On 10 August 2019, a wedding in Pluragrotta achieved a Guinness World Record as "The largest dive access only water-locked wedding ceremony". 69 persons participated and the couple to achieve the record was Jani Santala (Finland) and Ina Trælnes (Norway). The wedding was shown on the TV2 News and streamed live on YouTube.

==Diving accidents==

Given the number of divers in the cave, accidents have been relatively infrequent at Pluragrotta. There have, however, been a number of injuries and deaths.

In August 1988, a diver exploring the cave tore the right leg of his diving suit on a sharp rock. He survived the incident, suffering only mild hypothermia.

On 16 August 2006, a Norwegian diver was reported missing. A team of British divers recovered his body on 28 August 2006.

On 6 February 2014, two Finnish divers died at the cave, and three other divers suffered decompression sickness. Norwegian authorities called on an international team, which included British divers Richard Stanton, John Volanthen and Jason Mallinson, to recover the bodies. After reconnaissance diving at the site, the operation was judged too difficult, and a diving ban was subsequently placed on the cave. A group of Finnish divers returned later, without official authorization, and recovered the bodies. Their recovery expedition was filmed as the documentary Diving Into The Unknown. The diving ban was lifted on 31 March 2014.

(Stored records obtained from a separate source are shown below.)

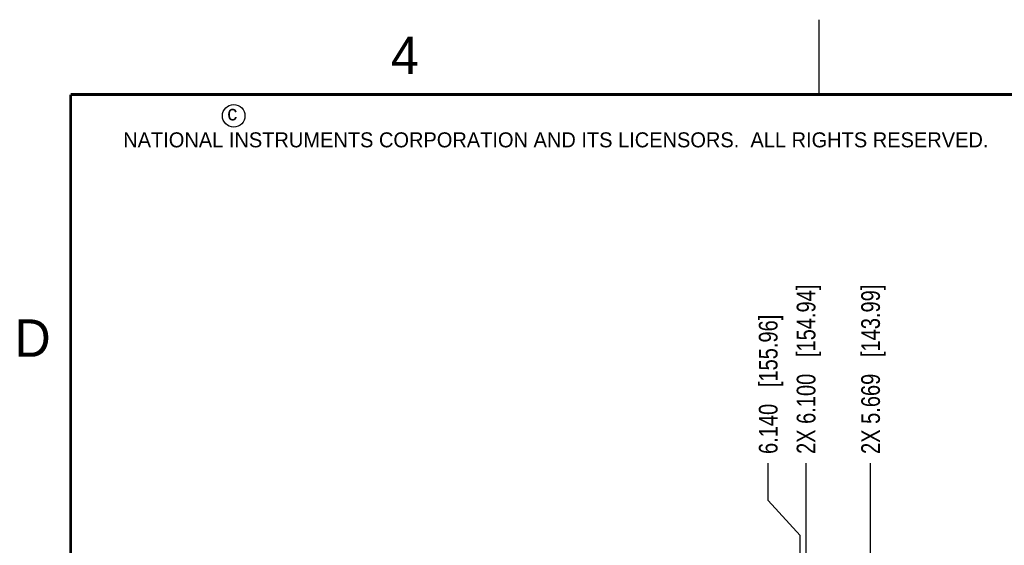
# Model space of a CAD drawing. Header units: inches. Extents: x 0 to 22, y 0 to 17.
# Tile 4 of 13: x 0.2 to 6.7, y 13.5 to 17. Entities that reach past the tile are written whole.
import ezdxf

# ---------------------------------------------------------------- set-up
doc = ezdxf.new("R2010")
doc.units = ezdxf.units.IN
doc.header["$LTSCALE"] = 1.21
doc.header["$MEASUREMENT"] = 0
doc.layers.get('0').update_dxf_attribs({"linetype": 'CONTINUOUS'})
doc.layers.add('DIMENSIONS', color=7, linetype='CONTINUOUS')
doc.styles.get("Standard").update_dxf_attribs({"font": 'txt', "width": 0.8})
doc.styles.add('TEXTSTYLE_2', font='txt')
doc.dimstyles.new('DIMSTYLE_2', dxfattribs={"dimtxt": 0.125, "dimasz": 0.18, "dimexe": 0.125, "dimexo": 0.0625, "dimgap": 0.03125, "dimtad": 0, "dimtih": 1, "dimtoh": 1, "dimdec": 3, "dimzin": 4, "dimdsep": 46, "dimtxsty": 'STANDARD', "dimblk": '_FILLED', "dimblk1": '_FILLED', "dimblk2": '_FILLED', "dimcen": 0.09, "dimadec": 0, "dimazin": 0, "dimtp": 0.001, "dimtm": 0.001, "dimtfac": 1, "dimtdec": 3, "dimtofl": 0, "dimtmove": 0, "dimatfit": 3, "dimldrblk": '_FILLED', "dimfxl": 1, "dimtolj": 1, "dimtzin": 4, "dimarcsym": 0})

# ---------------------------------------------------------------- blocks, each defined once
blk = doc.blocks.new('*D29')
at = {"layer": 'DIMENSIONS', "color": 2, "linetype": 'CONTINUOUS'}
blk.add_line((5.4132, 7.4441), (5.4132, 14.0391), dxfattribs=at)
at = {"layer": 'DIMENSIONS', "color": 2, "linetype": 'CONTINUOUS', "insert": (5.3507, 14.1016), "char_height": 0.125, "width": 1.725, "attachment_point": 1, "rotation": 90, "line_spacing_factor": 0.9}
blk.add_mtext('2X 6.100{\\Ftxt.shx;\\W1.000000;\\H0.125000; }[154.94]', dxfattribs=at)
blk = doc.blocks.new('_FILLED')
at = {"color": 0, "linetype": 'BYBLOCK'}
blk.add_solid([(0, 0), (-1, 0.174), (-1, -0.174)], dxfattribs=at)
blk = doc.blocks.new('*D30')
at = {"layer": 'DIMENSIONS', "color": 2, "linetype": 'CONTINUOUS'}
blk.add_line((5.8442, 7.4441), (5.8442, 14.0391), dxfattribs=at)
at = {"layer": 'DIMENSIONS', "color": 2, "linetype": 'CONTINUOUS', "insert": (5.7817, 14.1016), "char_height": 0.125, "width": 1.725, "attachment_point": 1, "rotation": 90, "line_spacing_factor": 0.9}
blk.add_mtext('2X 5.669{\\Ftxt.shx;\\W1.000000;\\H0.125000; }[143.99]', dxfattribs=at)
blk = doc.blocks.new('*D34')
at = {"layer": 'DIMENSIONS', "color": 2, "linetype": 'CONTINUOUS'}
for p, q in [((5.1602, 13.7903), (5.1602, 14.0391)), ((5.3732, 13.5578), (5.1602, 13.7903)), ((5.3732, 12.6616), (5.3732, 13.5578))]:
    blk.add_line(p, q, dxfattribs=at)
at = {"layer": 'DIMENSIONS', "color": 2, "linetype": 'CONTINUOUS', "insert": (5.0977, 14.1016), "char_height": 0.125, "width": 1.425, "attachment_point": 1, "rotation": 90, "line_spacing_factor": 0.9}
blk.add_mtext('6.140{\\Ftxt.shx;\\W1.000000;\\H0.125000; }[155.96]', dxfattribs=at)

msp = doc.modelspace()

# ---------------------------------------------------------------- linework, layer by layer
at = {"color": 2, "linetype": 'CONTINUOUS'}
msp.add_line((5.5, 16.5), (5.5, 17), dxfattribs=at)
at = {"color": 7, "linetype": 'CONTINUOUS', "const_width": 0.02}
for points in [[(0.5, 16.5), (0.5, 0.5)], [(21.5, 16.5), (0.5, 16.5)]]:
    msp.add_lwpolyline(points, dxfattribs=at)
at = {"color": 2, "linetype": 'CONTINUOUS'}
msp.add_circle((1.5893, 16.359), 0.0754, dxfattribs=at)

# ---------------------------------------------------------------- texts
at = {"color": 2, "linetype": 'CONTINUOUS', "attachment_point": 1, "line_spacing_factor": 0.9, "style": 'TEXTSTYLE_2'}
for s, insert, char_height, width in [('4', (2.64, 16.8869), 0.25, 0.25), ('c', (1.5463, 16.428), 0.1, 0.1), ('NATIONAL INSTRUMENTS CORPORATION AND ITS LICENSORS.  ALL RIGHTS RESERVED.', (0.851, 16.2482), 0.1, 7.3), ('D', (0.125, 15), 0.25, 0.25)]:
    msp.add_mtext(s, dxfattribs=dict(at, insert=insert, char_height=char_height, width=width))

# ---------------------------------------------------------------- dimensions: what is measured, and where the dimension line sits
at = {"layer": 'DIMENSIONS', "color": 2, "linetype": 'CONTINUOUS'}
for feature_location, picture, middle in [((5.4132, 7.4441), '*D29', (5.4132, 14.9641)), ((5.8442, 7.4441), '*D30', (5.8442, 14.9641))]:
    dim = msp.add_ordinate_dim(feature_location=feature_location, offset=(0, 6.595), dtype=1, origin=(11.5132, 7.3816), text='2X <>', dimstyle='DIMSTYLE_2', dxfattribs=at)
    dim.commit()
    dim.dimension.update_dxf_attribs({"geometry": picture, "text_midpoint": middle})
dim = msp.add_ordinate_dim(feature_location=(5.3732160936, 12.6615886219), offset=(-0.2129733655, 1.3775), dtype=0, origin=(11.5132160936, 12.5990886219), dimstyle='DIMSTYLE_2', dxfattribs=at)
dim.commit()
dim.dimension.update_dxf_attribs({"geometry": '*D34', "text_midpoint": (5.1602427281, 14.8140886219)})

doc.saveas('drawing.dxf')
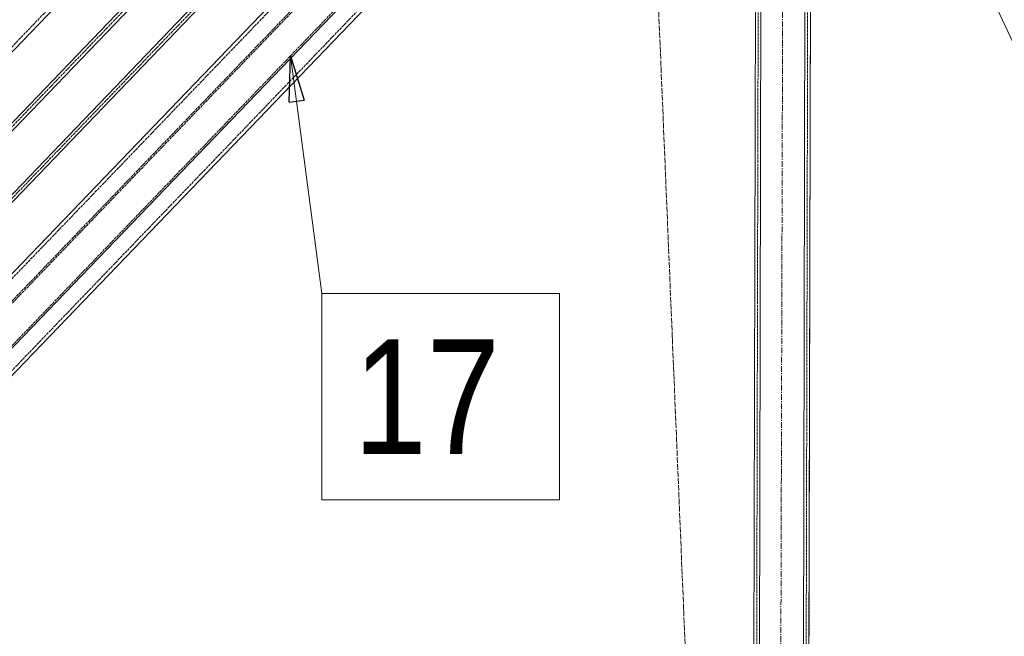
# Model space of a CAD drawing. Header units: millimetres. Extents: x -15129 to 9171, y -18789 to 5877.
# Tile 26 of 256: x -10104 to -9030, y -15996 to -15324. Entities that reach past the tile are written whole.
import ezdxf

# ---------------------------------------------------------------- set-up
doc = ezdxf.new("R2010")
doc.units = ezdxf.units.MM
for name, pattern in [('ACAD_ISO02W100', [15, 12, -3]), ('ACAD_ISO04W100', [30, 24, -3, 0, -3]), ('CENTER', [50.8, 31.75, -6.35, 6.35, -6.35])]:
    doc.linetypes.add(name, pattern=pattern)
doc.layers.add('AS_Belki', color=145, linetype='Continuous')
doc.layers.add('AS_Siatki', color=72, linetype='Continuous')
doc.styles.add('Arial Narrow', font='ARIALN.TTF', dxfattribs={"height": 5})

msp = doc.modelspace()

# ---------------------------------------------------------------- linework, layer by layer
at = {"color": 5, "linetype": 'CENTER', "lineweight": 13, "ltscale": 0.2}
msp.add_line((-9270.2, -14644.6), (-9278.6, -17725.9, 38010), dxfattribs=at)
at = {"color": 0, "linetype": 'ByBlock', "lineweight": -2}
for p, q in [((-9810.4, -15413.5), (-9808.6, -15362.8)), ((-9808.6, -15362.8), (-9793.8, -15411.3)), ((-9810.4, -15413.5), (-9793.8, -15411.3))]:
    msp.add_line(p, q, dxfattribs=at)
at = {"color": 7, "lineweight": 13}
msp.add_line((-9808.6, -15362.8), (-9774.5, -15622.1), dxfattribs=at)
msp.add_lwpolyline([(-9774.5, -15847.1), (-9515.2, -15847.1), (-9515.2, -15622.1), (-9774.5, -15622.1), (-9774.5, -15847.1)], dxfattribs=at)
at = {"layer": 'AS_Belki', "color": 84, "linetype": 'ACAD_ISO02W100', "lineweight": 13, "ltscale": 0.25}
for p, q in [((-11382.2, -16761.2), (-9433.1, -14733.5)), ((-9302.1, -16803.5), (-9297.4, -14745.7)), ((-9248.1, -16803.6), (-9243.4, -14745.8)), ((-9394.1, -14771), (-11343.2, -16798.6)), ((-10349.6, -15599.7), (-9572.3, -14791)), ((-9461.2, -14928.3), (-10179.4, -15675.4)), ((-9463.5, -14955.1), (-10182.5, -15703.1)), ((-10138.7, -15706.2), (-9419.7, -14958.2)), ((-10164, -15686.4), (-9666.6, -15168.9)), ((-9244.9, -16720.9), (-9241.4, -15192.7)), ((-10119.2, -15712.9), (-9625.6, -15199.4))]:
    msp.add_line(p, q, dxfattribs=at)
at = {"layer": 'AS_Belki', "color": 145, "linetype": 'Continuous', "lineweight": 13, "ltscale": 0.25}
for p, q in [((-10289.8, -15620.4), (-9435.2, -14731.4)), ((-10285.4, -15624.6), (-9426.8, -14731.3)), ((-9294.4, -14739.7), (-9299.1, -16809.5)), ((-9251.1, -16809.6), (-9246.4, -14739.8)), ((-10286.5, -15694.9), (-9392.2, -14764.5)), ((-10286.5, -15703.6), (-9392, -14773)), ((-10347.2, -15602.8), (-9569, -14793.2)), ((-9305.1, -16803.4), (-9300.6, -14839.9)), ((-9463.5, -14925.1), (-10182.5, -15673.1)), ((-10136.4, -15706.4), (-9417.4, -14958.4)), ((-9134.5, -15104.6), (-8791.7, -15839.9)), ((-9244.9, -16729.5), (-9241.3, -15133.1)), ((-10116.1, -15715.2), (-9633.5, -15213.2))]:
    msp.add_line(p, q, dxfattribs=at)
at = {"layer": 'AS_Siatki', "color": 20, "linetype": 'ACAD_ISO04W100', "lineweight": 13, "ltscale": 0.25}
msp.add_line((-9335.6, -17029.2), (-10009.1, -894.7), dxfattribs=at)

# ---------------------------------------------------------------- texts
at = {"color": 7, "lineweight": 13, "style": 'Arial Narrow'}
msp.add_text('17', height=125, dxfattribs=at).set_placement((-9739.8, -15797.1))

doc.saveas('drawing.dxf')

On 3 April 2024, a US diver, Jared Hires, died in the cave as a result of a seizure.

==See also==

- Tjoarvekrajgge – the longest cave in Scandinavia
- Jordbrugrotta

==Further media==
- "Takaisin pintaan" (2016)
- Taija Nevalainen (2012). "Plura Cave Deep Exploration 2012, depth 132m"
- William Kremer (2016). "The cave divers who went back for their friends"
- "Sukellusryhmä: Ruumiiden nosto kuvattiin, 110 tuntia sukellusta" (2014)
- Lars Christian Wegner. "VG takes you through dramatic diving death in the Plura cave and the following rescue operation"
- Petri Raivio (2014). "Suomalaiset sukeltajat hakivat kuolleet kaverinsa ylös Norjassa"
- "Fauna Norvegica" (1984)
- D. Tarling (1993). "Magnetic Anisotropy of Rocks"
- Monica Bring Estensen (2014). "Omkomne dykkere hentet opp fra Pluragrotta"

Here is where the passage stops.